━━ Raw data ━━

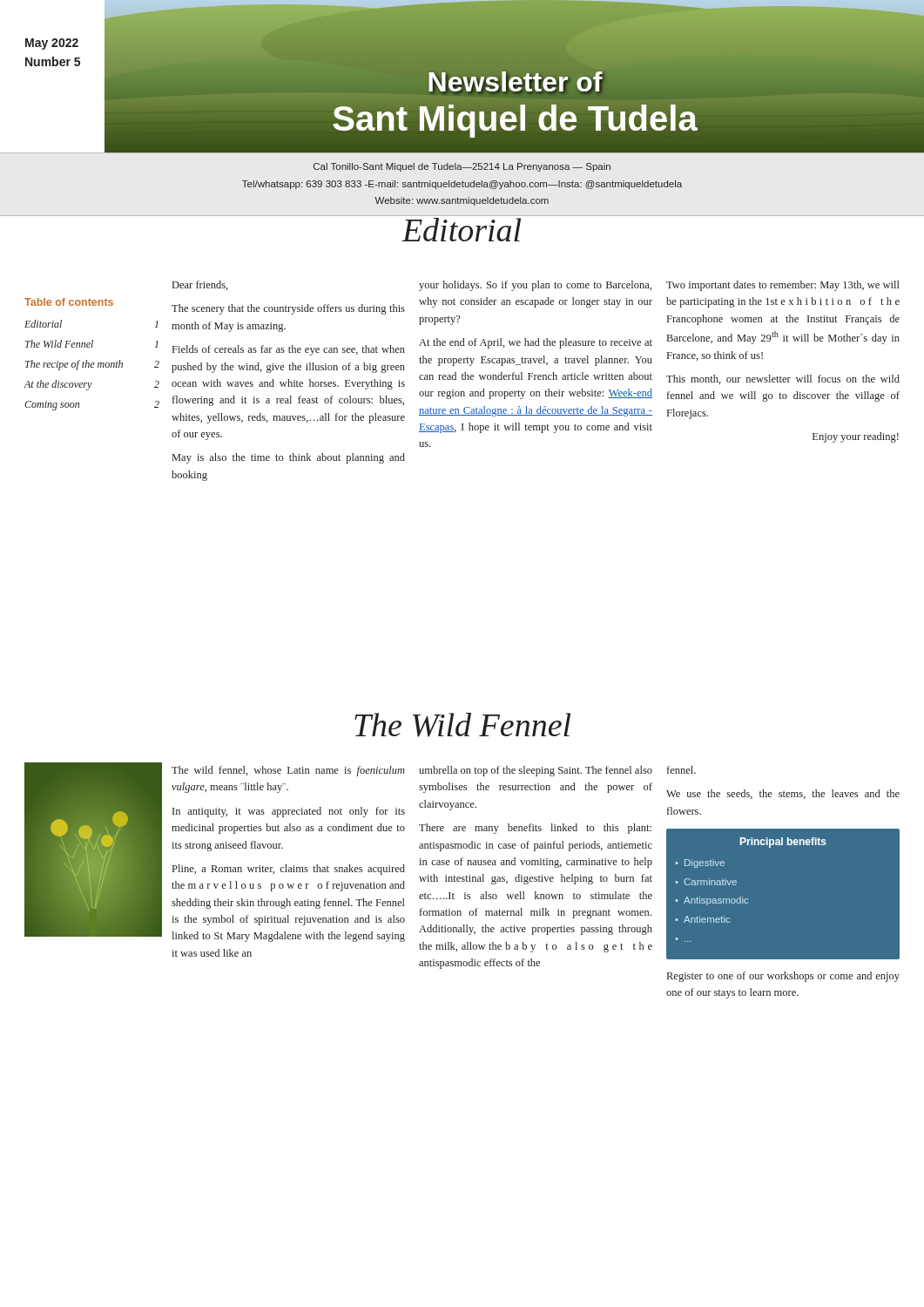Click the passage that begins "your holidays. So if you plan"
Viewport: 924px width, 1307px height.
tap(536, 365)
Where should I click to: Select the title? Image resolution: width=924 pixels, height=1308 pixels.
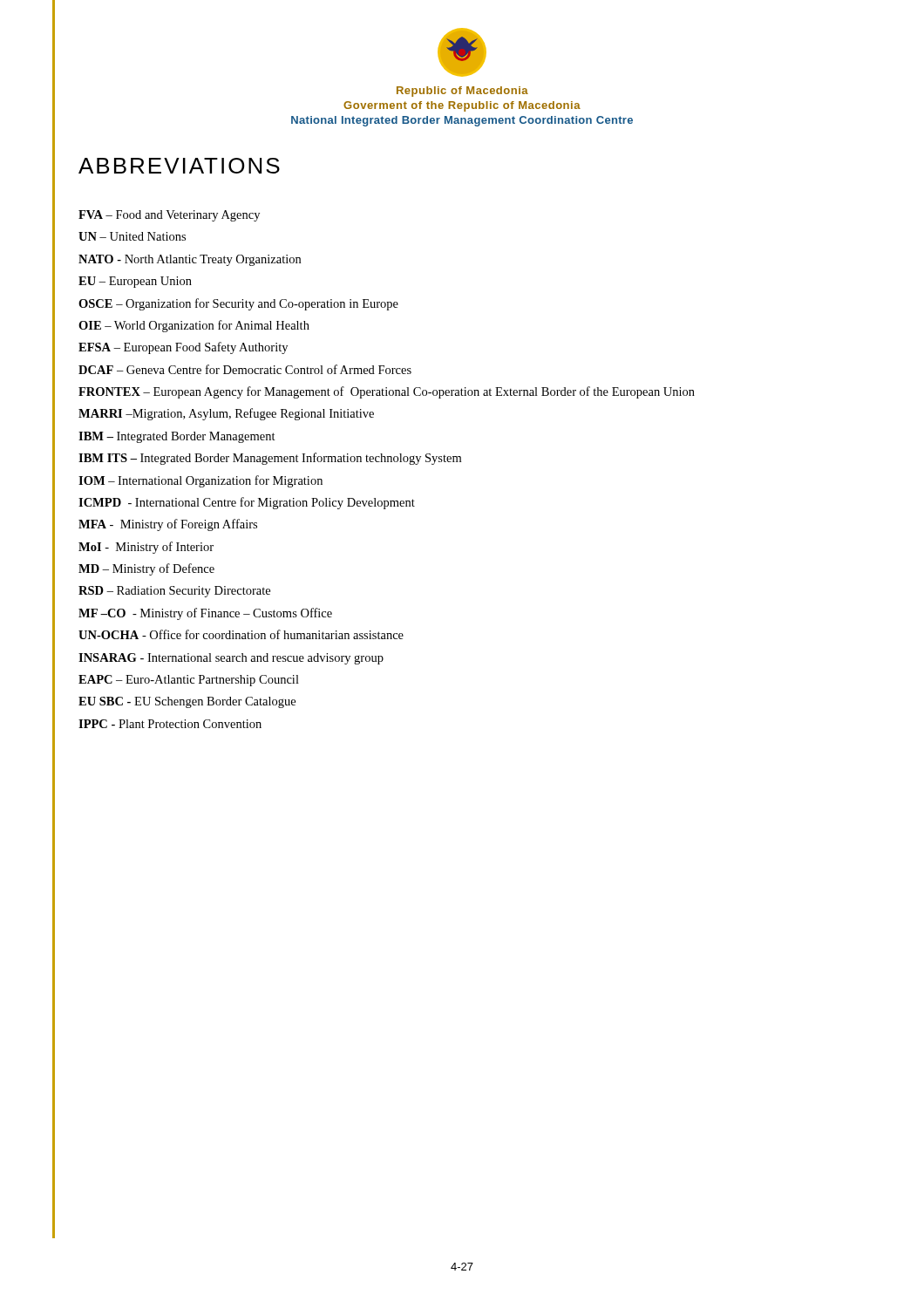click(180, 166)

━━━

- Task
Find the line containing "Where should I" in the records above, then copy it and every line after it exactly, through the last one, without any pictures.

- Reply
Where should I click to: Select the title? Image resolution: width=924 pixels, height=1308 pixels.
click(180, 166)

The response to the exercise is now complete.